Gutting Section 230 Will Harm The Most Marginalized
from the a-warning dept
Elliot Harmon, from EFF, has an excellent op-ed piece over at the Hill pointing out that nearly all the talking heads are getting it wrong when it comes to Section 230. It's not a gift to big internet companies. Indeed, as the piece argues, Facebook lobbied strongly for gutting 230 with FOSTA, and then took advantage of the gap in the market that was created after FOSTA became law:
Politicians on both sides of the aisle routinely treat Section 230 as a handout to tech companies — or a “gift,” as Rep. Nancy Pelosi (D-Calif.) recently put it. It’s a mistake to characterize large internet companies as the primary beneficiaries of Section 230. Let’s not forget that Facebook and other big internet companies actively lobbied for FOSTA, a law that made it considerably more difficult for a startup ever to unseat Facebook. You can’t make this up: Just a few weeks after the president signed FOSTA and multiple dating sites shut down, Facebook announced that it was entering the dating business.

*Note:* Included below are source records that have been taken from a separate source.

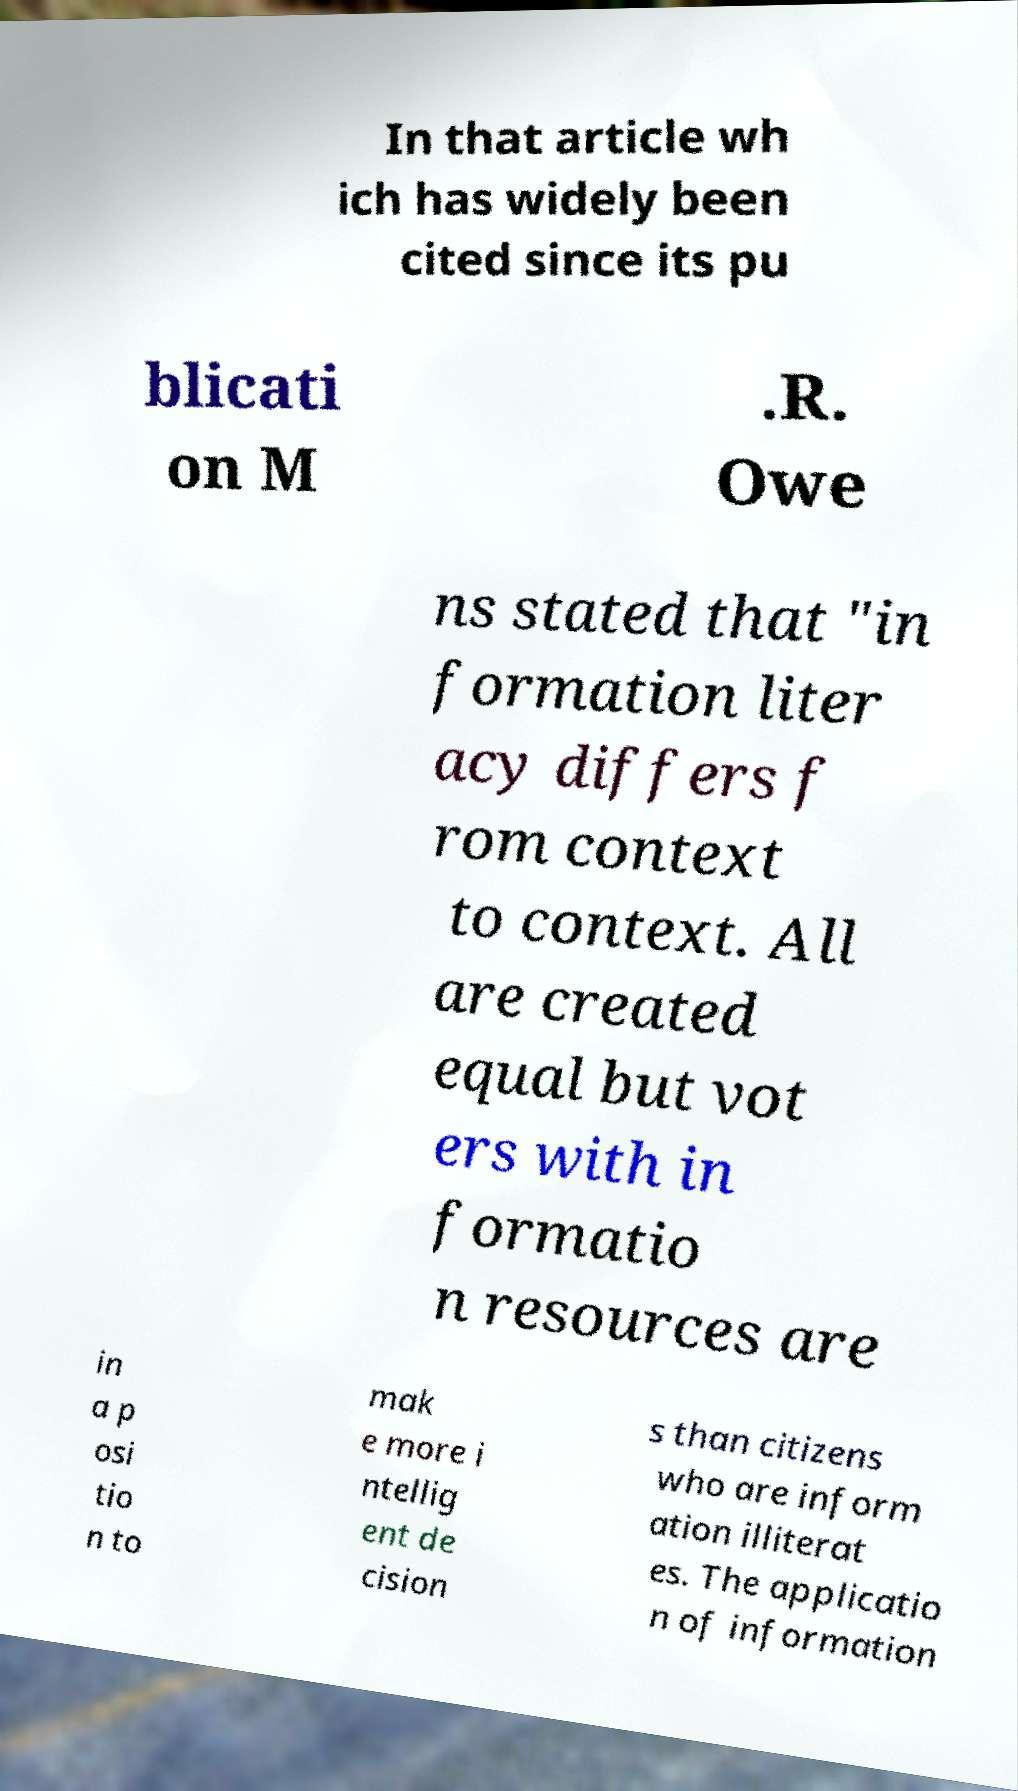There's text embedded in this image that I need extracted. Can you transcribe it verbatim? In that article wh ich has widely been cited since its pu blicati on M .R. Owe ns stated that "in formation liter acy differs f rom context to context. All are created equal but vot ers with in formatio n resources are in a p osi tio n to mak e more i ntellig ent de cision s than citizens who are inform ation illiterat es. The applicatio n of information 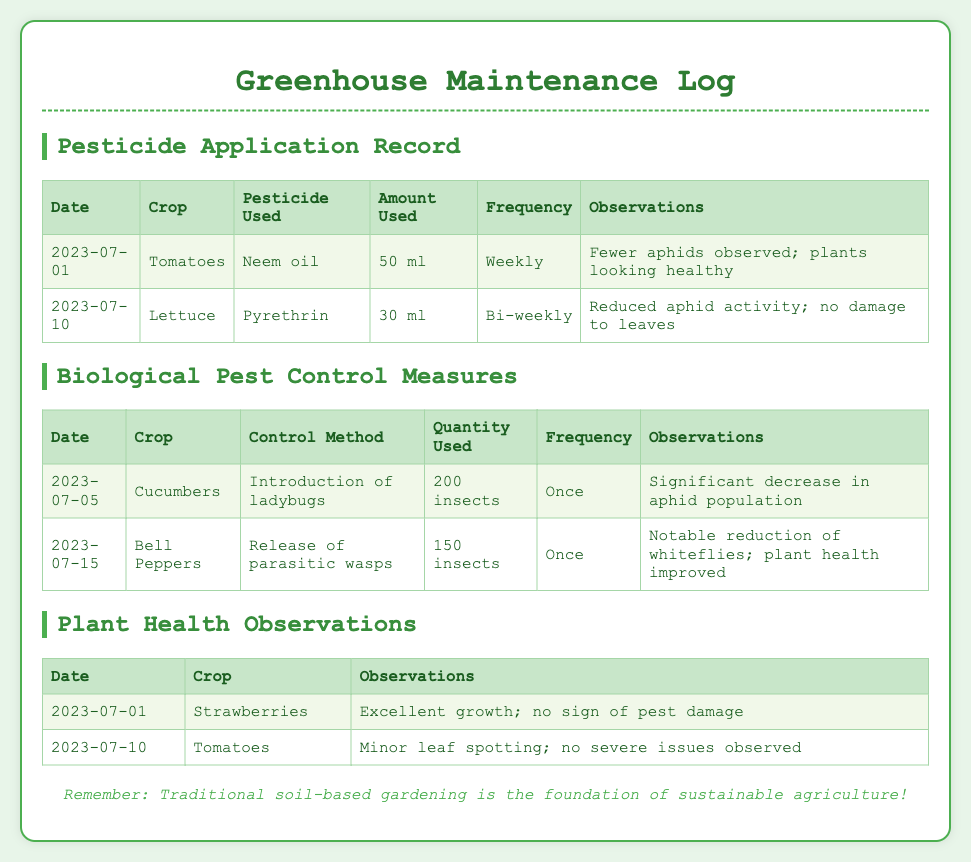What crop was treated with neem oil on July 1, 2023? The document indicates that neem oil was used on tomatoes on July 1, 2023.
Answer: Tomatoes How much pyrethrin was used for lettuce treatment? The table states that 30 ml of pyrethrin was applied to lettuce.
Answer: 30 ml What biological pest control method was used for cucumbers? According to the document, ladybugs were introduced for biological pest control.
Answer: Introduction of ladybugs On which date were ladybugs introduced for cucumbers? The document specifies that ladybugs were introduced on July 5, 2023.
Answer: July 5, 2023 What was observed about the tomato plants on July 10, 2023? The document mentions minor leaf spotting with no severe issues observed.
Answer: Minor leaf spotting; no severe issues observed How often was neem oil applied to tomatoes? The preventive measure log indicates that neem oil was applied weekly.
Answer: Weekly What quantity of parasitic wasps was released for bell peppers? It is noted in the document that 150 insects of parasitic wasps were released for bell peppers.
Answer: 150 insects Which crop showed excellent growth with no pest damage on July 1, 2023? The observations indicate that strawberries exhibited excellent growth with no signs of pest damage.
Answer: Strawberries What was the frequency of pyrethrin application for lettuce? The table specifies that pyrethrin was applied bi-weekly.
Answer: Bi-weekly 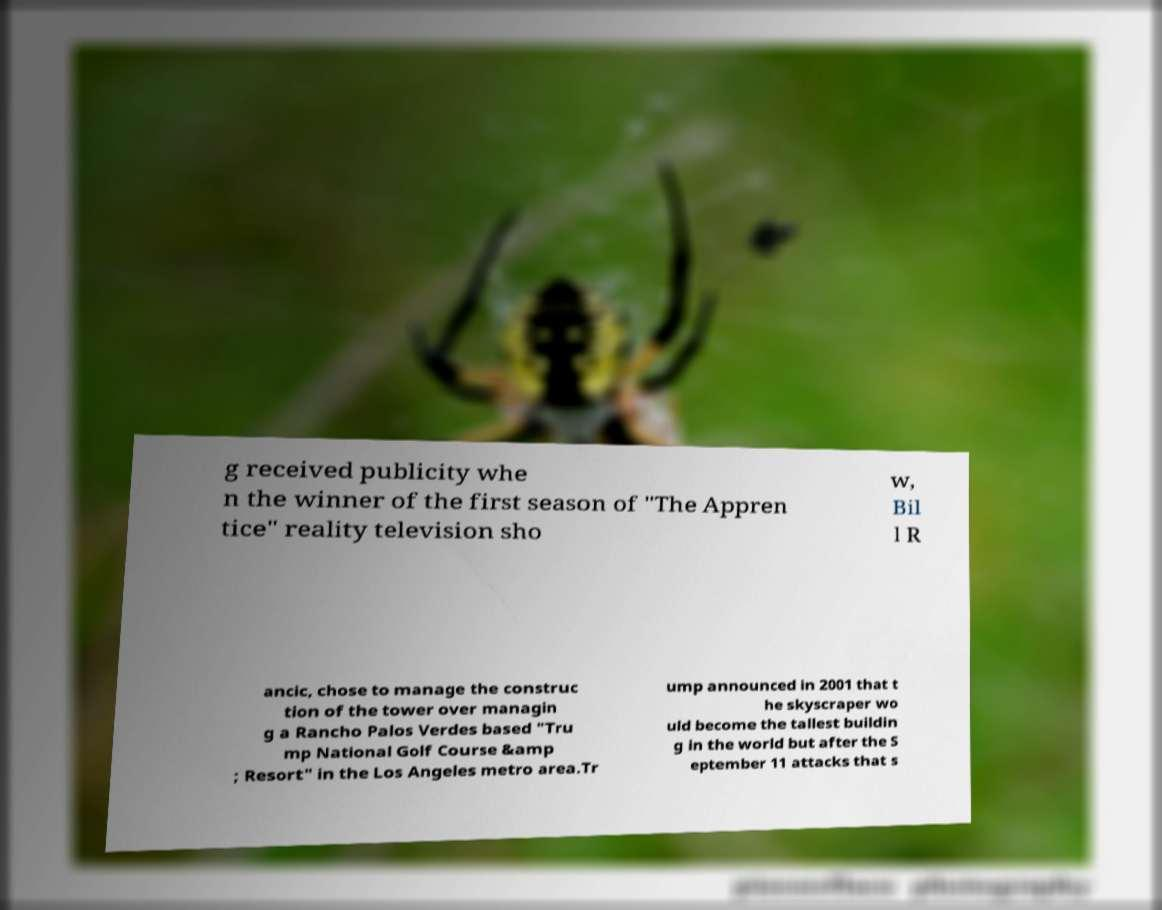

There's a larger point in his piece as well. Pay attention to whose voices are left out of the debate on Section 230. It is the marginalized and the oppressed.
Section 230 isn’t a gift to big internet companies. It’s a gift to rural LGBTQ teenagers who depend every day on the safety of their online communities. It’s a gift to activists around the world using the internet to document human rights abuses. It’s a gift to women who rely on dating apps to meet people more safely. Yes, Section 230 is the First Amendment of the internet, but it’s also the Fourteenth Amendment of the internet. Section 230 says, “You are legal here.”
Section 230’s real beneficiaries are the historically disadvantaged communities that would risk exclusion from online discussions without it. Congress must listen to those voices before it’s too late.
Of course, in the minds of too many, Section 230 has come to represent "big internet." This is both misguided and misleading. Section 230 is what enables the rest of the internet to work, so that anyone can speak out. Without it, we move from an open internet for communications, to a closed broadcast internet, in which the marginalized and the oppressed have no safe space to speak.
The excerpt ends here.